By the end of that day, police got an arrest warrant for Hindman that would hold him in a Missouri jail until he could be extradited.
The trooper also eventually talked by telephone to the defendant's girlfriend, who recounted his unexpected arrival there. He drove there in his pickup and came carrying a duffel bag.
She also passed on what Hindman told her about the incident under investigation.
“He told her (the victim) was a male he had been drinking with, and when he came out of the bathroom the male was standing there pointing a gun at him,” Johnson testified.
“He made his way to the living room and the male was still pointing a gun at him. So he reached under a pillow on his couch (for a gun) and shot the male in the face.”
Johnson also revealed the contents of text messages between Hindman and Chilson, and between Hindman and his last employer, the owner of a motorcycle shop near Emlenton.
The day she was reported missing was the last time Chilson and the defendant texted. They planned to meet at the Unimart store in Emlenton on the morning of July 3, Johnson said.
The texts between Hindman and his employer after Chilson was reported missing and before the remains were found in his home suggested the defendant was afraid of something he had done. In one text, Hindman said, “I am so (expletive). In another, he said, “Mustang layin in my live room.”
Johnson testified that friends of Chilson told police that “Mustang Sally” was one of her nicknames.
Another of Hindman's texts said: “can't (expletive) believe I had to do something like this. My soul is hurting.”

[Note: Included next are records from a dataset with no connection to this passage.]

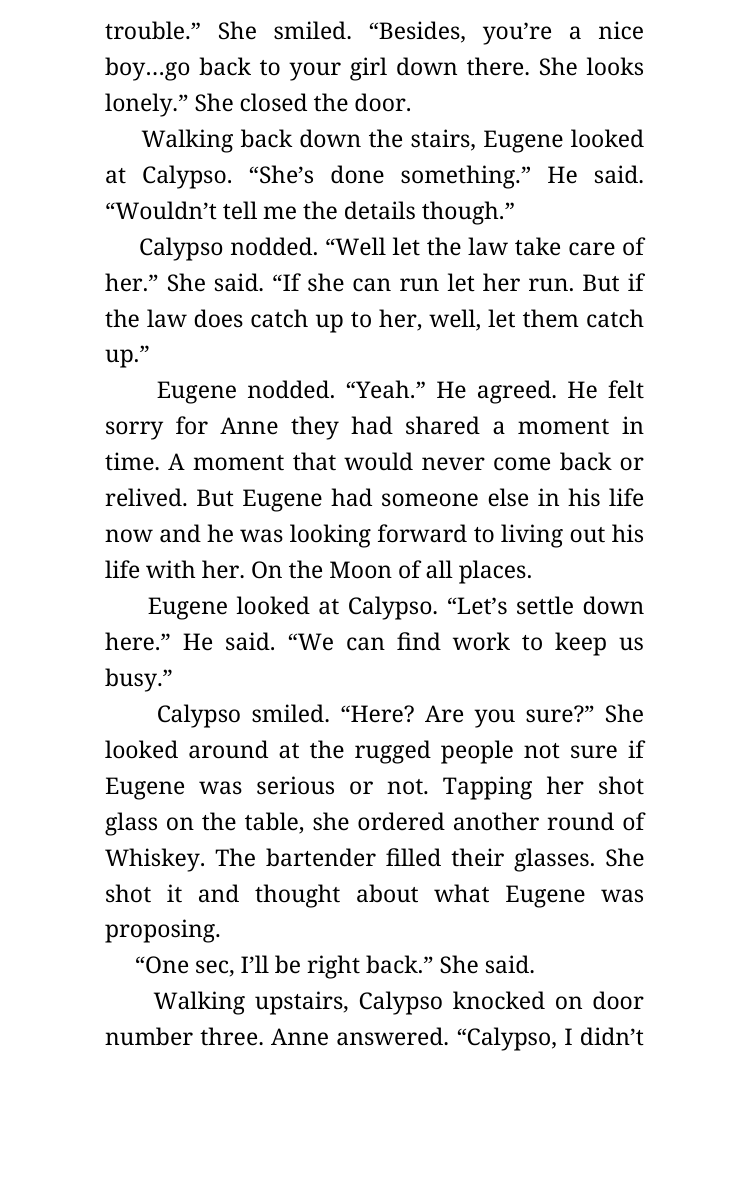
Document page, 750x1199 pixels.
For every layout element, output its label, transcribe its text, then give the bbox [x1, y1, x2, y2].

text “One sec, I’ll be right back.” She said. [105, 949, 645, 981]
text Eugene looked at Calypso. “Let’s settle down here.” He said. “We can find work to keep us busy.” [105, 590, 645, 693]
text Walking upstairs, Calypso knocked on door number three. Anne answered. “Calypso, I didn’t [105, 985, 645, 1052]
text Calypso smiled. “Here? Are you sure?” She looked around at the rugged people not sure if Eugene was serious or not. Tapping her shot glass on the table, she ordered another round of Whiskey. The bartender filled their glasses. She shot it and thought about what Eugene was proposing. [105, 698, 645, 945]
text Calypso nodded. “Well let the law take care of her.” She said. “If she can run let her run. But if the law does catch up to her, well, let them catch up.” [105, 231, 645, 370]
text Walking back down the stairs, Eugene looked at Calypso. “She’s done something.” He said. “Wouldn’t tell me the details though.” [105, 123, 645, 226]
text trouble.” She smiled. “Besides, you’re a nice boy…go back to your girl down there. She looks lonely.” She closed the door. [105, 15, 645, 118]
text Eugene nodded. “Yeah.” He agreed. He felt sorry for Anne they had shared a moment in time. A moment that would never come back or relived. But Eugene had someone else in his life now and he was looking forward to living out his life with her. On the Moon of all places. [105, 374, 645, 585]

A search by deputies of the girlfriend's home turned up a gun case holding two Ruger .44 Magnum pistols, Johnson testified, which police believed belonged to Hindman.
While lab results are incomplete, the trooper said, an Aug. 8 report indicated the bullet fragment uncovered during the autopsy was from a .44-caliber round. The report found the round could have been fired from several gunmakers, including Ruger.
In addition to homicide, Hindman is charged with aggravated assault, possession of an instrument of crime, simple assault and reckless endangerment.